掏出手機,是江離。我怔怔看著他的名字一會,才恍惚地接起:“喂。”
“西曼,告訴你一個好消息,阿姨的狀況有了極大的好轉,不僅能夠認人,還給我打電話了!對了,她想見你,你在哪兒,我去找你。”電話那端的聲音很是興奮。
“哪個阿姨啊。”我的狀態依舊恍恍惚惚的,聲音極輕,此時此刻,我實在沒有力氣附和他的興奮。
“珍妮的媽媽呀!”那端頓了頓,提高聲音說:“西曼,你怎麽啦?聲音怪怪的。”
“哦。”
“西曼,發生什麽事了?你在哪兒?”他聲音忽然變得特別急迫,“乖,告訴我你的具體位置!”
“我在,”我抬眼打量,說:“我在樓梯間。”
“笨蛋,你要急死我呀!具體點!”他大喊。
“哦,中心醫院……我媽媽的醫院。”我訥訥地說。
“等我,我就來。”
電話哢嚓一聲被切斷,我呆呆地握著手機,聽著裏麵嘟嘟嘟的忙音,恍惚得宛如從遙遠地方傳來的恐怖之音,令我渾身戰栗。
“媽媽……”我抱緊身體,喃喃。
我要很努力很努力,才能逼迫自己不去想,這個病將帶來的最糟糕的結果。一想到媽媽有可能再也無法陪在我身邊,心裏便悲傷得難以自已。

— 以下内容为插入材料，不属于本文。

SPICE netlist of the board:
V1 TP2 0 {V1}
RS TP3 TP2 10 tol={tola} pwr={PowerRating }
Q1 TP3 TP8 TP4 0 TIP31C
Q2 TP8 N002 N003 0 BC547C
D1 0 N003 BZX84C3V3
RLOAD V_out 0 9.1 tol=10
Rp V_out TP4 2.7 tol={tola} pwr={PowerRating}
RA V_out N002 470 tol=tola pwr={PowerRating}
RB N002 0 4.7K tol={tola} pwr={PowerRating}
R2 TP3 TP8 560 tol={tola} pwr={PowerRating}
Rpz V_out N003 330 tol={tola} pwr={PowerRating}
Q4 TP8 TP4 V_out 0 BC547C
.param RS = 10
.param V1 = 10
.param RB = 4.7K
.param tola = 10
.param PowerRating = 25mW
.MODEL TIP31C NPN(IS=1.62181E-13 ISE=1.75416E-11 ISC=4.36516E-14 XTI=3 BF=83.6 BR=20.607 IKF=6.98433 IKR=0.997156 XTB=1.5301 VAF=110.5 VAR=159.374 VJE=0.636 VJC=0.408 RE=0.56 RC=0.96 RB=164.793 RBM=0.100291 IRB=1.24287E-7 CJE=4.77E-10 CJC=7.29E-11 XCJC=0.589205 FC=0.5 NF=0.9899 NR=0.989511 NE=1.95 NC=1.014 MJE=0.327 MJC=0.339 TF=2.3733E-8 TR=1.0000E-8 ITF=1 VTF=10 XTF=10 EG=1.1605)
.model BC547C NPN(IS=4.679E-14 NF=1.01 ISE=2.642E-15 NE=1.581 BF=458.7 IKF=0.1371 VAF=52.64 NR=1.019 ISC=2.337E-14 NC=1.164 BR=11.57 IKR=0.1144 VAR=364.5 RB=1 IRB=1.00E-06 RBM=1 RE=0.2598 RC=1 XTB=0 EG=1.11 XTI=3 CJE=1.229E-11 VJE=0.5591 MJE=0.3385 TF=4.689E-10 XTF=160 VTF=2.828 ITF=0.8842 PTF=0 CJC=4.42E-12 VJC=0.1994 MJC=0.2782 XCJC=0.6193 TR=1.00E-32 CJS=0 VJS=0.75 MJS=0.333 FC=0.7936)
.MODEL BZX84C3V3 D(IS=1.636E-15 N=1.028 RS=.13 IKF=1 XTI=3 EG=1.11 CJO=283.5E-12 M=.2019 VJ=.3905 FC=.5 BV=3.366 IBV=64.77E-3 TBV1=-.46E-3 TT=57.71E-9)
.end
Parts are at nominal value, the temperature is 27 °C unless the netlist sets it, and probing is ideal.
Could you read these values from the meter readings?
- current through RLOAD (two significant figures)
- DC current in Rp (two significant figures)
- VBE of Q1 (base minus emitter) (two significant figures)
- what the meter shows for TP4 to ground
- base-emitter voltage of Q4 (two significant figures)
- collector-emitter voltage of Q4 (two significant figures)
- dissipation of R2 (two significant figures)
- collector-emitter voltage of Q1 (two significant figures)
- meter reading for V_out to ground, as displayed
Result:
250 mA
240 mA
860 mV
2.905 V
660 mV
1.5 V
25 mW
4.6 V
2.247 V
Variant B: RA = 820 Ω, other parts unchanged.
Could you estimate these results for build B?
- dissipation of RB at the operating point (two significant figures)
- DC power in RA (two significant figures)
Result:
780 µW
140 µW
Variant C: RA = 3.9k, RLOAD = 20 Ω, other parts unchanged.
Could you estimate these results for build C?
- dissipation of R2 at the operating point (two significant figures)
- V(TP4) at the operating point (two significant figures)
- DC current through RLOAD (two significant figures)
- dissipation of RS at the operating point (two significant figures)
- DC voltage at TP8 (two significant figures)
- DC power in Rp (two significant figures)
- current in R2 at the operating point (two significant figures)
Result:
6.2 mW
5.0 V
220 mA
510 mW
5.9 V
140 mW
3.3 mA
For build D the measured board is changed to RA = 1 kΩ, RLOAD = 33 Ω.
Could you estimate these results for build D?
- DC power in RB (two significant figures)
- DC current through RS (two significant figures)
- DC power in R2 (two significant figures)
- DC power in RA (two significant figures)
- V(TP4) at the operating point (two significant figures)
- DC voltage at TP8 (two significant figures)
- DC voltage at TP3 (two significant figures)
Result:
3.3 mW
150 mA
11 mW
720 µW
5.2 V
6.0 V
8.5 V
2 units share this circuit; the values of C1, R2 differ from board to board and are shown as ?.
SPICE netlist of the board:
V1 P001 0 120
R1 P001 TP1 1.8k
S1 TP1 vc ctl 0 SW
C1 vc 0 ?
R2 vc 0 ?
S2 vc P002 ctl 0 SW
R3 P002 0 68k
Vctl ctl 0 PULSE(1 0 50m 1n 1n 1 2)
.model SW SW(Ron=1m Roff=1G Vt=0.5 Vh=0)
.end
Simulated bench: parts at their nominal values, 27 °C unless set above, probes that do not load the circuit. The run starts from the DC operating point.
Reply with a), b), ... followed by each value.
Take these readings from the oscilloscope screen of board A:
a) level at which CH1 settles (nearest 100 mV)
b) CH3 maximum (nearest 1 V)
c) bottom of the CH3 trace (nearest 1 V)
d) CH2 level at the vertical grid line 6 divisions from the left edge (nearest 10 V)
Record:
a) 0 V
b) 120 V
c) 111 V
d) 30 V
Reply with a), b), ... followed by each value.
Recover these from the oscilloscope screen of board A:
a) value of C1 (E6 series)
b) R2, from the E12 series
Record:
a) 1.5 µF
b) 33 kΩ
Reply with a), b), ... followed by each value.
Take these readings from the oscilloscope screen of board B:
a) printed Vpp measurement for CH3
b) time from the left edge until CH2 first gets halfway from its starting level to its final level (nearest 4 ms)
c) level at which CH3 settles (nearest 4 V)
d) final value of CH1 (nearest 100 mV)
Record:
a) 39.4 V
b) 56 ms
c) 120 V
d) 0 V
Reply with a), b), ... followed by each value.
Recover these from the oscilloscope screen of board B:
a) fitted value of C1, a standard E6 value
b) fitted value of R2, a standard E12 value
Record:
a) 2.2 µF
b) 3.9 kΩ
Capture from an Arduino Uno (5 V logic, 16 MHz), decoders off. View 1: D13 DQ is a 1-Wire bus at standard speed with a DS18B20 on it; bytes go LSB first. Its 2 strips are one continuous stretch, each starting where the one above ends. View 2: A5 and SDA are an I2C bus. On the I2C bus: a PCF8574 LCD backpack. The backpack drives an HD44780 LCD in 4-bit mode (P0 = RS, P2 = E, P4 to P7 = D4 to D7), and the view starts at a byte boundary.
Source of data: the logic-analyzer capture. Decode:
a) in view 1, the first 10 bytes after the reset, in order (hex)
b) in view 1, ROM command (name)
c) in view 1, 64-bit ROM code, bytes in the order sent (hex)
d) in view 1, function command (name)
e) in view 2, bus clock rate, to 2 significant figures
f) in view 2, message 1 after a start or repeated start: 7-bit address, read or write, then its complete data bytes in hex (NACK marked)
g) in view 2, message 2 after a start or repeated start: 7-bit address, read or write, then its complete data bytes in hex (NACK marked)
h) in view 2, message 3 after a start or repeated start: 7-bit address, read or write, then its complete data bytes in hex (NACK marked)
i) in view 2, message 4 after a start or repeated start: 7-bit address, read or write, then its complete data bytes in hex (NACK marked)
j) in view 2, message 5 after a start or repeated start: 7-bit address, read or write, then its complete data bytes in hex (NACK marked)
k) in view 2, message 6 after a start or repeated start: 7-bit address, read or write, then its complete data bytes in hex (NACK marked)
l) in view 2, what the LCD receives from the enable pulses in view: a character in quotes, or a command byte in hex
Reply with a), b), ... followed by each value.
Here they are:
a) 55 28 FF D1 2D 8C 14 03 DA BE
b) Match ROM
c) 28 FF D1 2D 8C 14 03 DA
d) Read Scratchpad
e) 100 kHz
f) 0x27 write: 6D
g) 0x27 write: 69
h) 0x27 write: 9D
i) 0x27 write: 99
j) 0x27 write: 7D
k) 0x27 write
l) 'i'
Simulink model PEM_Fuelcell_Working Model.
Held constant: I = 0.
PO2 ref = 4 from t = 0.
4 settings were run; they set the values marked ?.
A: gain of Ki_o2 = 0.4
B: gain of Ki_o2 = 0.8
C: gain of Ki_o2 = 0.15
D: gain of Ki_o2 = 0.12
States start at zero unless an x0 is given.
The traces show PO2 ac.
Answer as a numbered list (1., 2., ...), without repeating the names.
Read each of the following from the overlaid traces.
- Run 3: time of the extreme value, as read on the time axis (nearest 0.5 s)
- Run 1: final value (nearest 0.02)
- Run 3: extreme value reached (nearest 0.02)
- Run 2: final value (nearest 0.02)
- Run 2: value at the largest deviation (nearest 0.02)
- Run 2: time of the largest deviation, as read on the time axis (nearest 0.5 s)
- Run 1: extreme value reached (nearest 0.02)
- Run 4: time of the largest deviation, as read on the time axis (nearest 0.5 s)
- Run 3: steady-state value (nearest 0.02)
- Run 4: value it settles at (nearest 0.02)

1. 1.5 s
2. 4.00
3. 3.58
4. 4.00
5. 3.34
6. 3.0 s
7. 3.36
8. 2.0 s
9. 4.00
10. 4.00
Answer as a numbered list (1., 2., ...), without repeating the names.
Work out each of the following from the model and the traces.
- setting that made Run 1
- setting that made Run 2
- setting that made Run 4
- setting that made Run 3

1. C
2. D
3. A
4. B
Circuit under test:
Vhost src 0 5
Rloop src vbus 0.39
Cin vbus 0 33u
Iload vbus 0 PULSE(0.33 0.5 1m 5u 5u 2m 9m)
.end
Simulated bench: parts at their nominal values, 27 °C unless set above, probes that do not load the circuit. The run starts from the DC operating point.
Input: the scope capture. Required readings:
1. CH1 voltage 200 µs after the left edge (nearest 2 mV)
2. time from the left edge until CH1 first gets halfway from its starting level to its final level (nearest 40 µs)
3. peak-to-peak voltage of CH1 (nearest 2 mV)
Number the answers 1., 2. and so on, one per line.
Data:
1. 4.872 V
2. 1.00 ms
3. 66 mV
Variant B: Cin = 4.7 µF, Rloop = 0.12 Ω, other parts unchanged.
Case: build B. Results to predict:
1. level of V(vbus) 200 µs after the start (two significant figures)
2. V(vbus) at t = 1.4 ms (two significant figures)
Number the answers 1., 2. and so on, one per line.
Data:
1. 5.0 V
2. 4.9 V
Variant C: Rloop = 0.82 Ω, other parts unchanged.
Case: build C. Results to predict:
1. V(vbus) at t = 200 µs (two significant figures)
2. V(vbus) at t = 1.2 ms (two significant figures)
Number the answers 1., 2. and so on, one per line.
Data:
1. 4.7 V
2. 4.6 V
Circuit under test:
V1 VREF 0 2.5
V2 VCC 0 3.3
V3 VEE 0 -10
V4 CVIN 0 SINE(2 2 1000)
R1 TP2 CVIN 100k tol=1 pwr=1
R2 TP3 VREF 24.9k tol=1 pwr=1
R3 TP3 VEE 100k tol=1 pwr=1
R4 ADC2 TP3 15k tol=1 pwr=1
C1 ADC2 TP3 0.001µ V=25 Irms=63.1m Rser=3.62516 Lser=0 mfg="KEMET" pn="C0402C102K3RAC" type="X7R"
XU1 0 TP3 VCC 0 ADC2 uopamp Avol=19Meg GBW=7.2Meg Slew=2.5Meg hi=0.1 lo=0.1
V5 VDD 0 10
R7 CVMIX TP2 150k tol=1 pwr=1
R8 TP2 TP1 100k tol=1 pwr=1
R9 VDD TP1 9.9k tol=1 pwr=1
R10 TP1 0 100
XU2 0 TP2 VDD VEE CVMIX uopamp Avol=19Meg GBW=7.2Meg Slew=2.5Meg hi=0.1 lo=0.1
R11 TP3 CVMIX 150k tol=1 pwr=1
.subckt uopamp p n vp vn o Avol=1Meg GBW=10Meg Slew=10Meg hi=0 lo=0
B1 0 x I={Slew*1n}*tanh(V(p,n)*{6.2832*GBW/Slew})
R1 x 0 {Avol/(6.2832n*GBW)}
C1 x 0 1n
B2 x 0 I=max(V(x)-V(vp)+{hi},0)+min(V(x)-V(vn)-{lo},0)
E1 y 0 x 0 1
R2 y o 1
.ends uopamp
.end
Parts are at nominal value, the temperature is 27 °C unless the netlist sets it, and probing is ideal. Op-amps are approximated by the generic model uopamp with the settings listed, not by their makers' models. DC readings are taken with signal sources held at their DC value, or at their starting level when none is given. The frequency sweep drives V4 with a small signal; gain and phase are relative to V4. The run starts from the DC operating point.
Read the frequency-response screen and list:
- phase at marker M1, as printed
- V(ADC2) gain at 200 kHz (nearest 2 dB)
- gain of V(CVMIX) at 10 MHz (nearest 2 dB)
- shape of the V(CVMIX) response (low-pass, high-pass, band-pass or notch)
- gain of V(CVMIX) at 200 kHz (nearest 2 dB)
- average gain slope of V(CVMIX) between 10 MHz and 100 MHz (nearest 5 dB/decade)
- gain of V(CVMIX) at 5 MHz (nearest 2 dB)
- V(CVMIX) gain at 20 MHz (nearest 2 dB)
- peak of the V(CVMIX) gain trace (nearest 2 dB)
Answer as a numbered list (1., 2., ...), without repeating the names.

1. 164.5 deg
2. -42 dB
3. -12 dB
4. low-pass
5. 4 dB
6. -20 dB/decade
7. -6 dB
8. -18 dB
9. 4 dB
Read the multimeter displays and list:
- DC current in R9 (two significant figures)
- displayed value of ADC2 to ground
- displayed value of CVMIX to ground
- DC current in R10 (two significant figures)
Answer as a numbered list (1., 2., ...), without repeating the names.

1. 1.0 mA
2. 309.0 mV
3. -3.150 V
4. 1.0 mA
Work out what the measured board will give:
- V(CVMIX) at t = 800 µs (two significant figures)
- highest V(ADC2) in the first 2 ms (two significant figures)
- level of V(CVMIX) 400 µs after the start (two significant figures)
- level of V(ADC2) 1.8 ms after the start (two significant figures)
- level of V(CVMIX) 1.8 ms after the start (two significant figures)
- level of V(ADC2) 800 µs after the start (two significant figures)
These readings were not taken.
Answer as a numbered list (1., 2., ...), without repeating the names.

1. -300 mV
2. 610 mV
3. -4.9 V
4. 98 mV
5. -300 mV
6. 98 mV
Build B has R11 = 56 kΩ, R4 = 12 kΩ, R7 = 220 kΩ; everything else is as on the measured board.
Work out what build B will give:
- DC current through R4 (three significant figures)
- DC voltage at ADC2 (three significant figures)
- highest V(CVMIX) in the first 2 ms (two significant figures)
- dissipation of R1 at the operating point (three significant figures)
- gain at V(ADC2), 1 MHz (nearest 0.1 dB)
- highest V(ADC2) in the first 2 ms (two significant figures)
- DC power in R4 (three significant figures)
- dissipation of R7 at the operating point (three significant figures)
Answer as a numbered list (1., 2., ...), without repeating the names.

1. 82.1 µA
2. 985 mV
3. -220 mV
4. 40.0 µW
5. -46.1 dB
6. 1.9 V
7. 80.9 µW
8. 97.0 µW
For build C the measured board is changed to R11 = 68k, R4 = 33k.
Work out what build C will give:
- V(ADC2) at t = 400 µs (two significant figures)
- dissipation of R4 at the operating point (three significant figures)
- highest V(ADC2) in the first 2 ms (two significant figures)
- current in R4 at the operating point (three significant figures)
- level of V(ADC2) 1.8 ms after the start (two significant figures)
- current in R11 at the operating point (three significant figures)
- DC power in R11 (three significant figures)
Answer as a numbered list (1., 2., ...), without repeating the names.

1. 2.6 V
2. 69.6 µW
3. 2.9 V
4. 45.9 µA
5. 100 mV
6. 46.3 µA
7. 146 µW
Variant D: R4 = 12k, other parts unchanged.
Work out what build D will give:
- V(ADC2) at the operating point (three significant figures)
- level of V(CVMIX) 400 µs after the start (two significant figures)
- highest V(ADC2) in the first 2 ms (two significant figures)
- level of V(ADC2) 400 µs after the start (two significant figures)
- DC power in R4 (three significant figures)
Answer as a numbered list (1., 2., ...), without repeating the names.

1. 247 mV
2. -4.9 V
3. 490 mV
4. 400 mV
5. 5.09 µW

如果真有神的存在,我祈求,請你不要帶走媽媽,我願意以十年的生命來交換她的健康,我願意代她承受那災難性的痛苦。
我願意。
[難過的時候哭泣,悲傷的時候哭泣,受了委屈的時候哭泣,開心的時候喜極而泣,眼淚在生活中如同笑容一樣,占據著重要的分量,可眼淚永遠都無法幫我們承受現實的重量與悲傷。]
01
江離找到我時,我依舊坐在樓梯間的角落裏抱著膝蓋恍恍惚惚地發呆,他蹲在我麵前一邊大口喘氣,一邊抓住我肩膀令我抬頭看他,著急地問,怎麽了?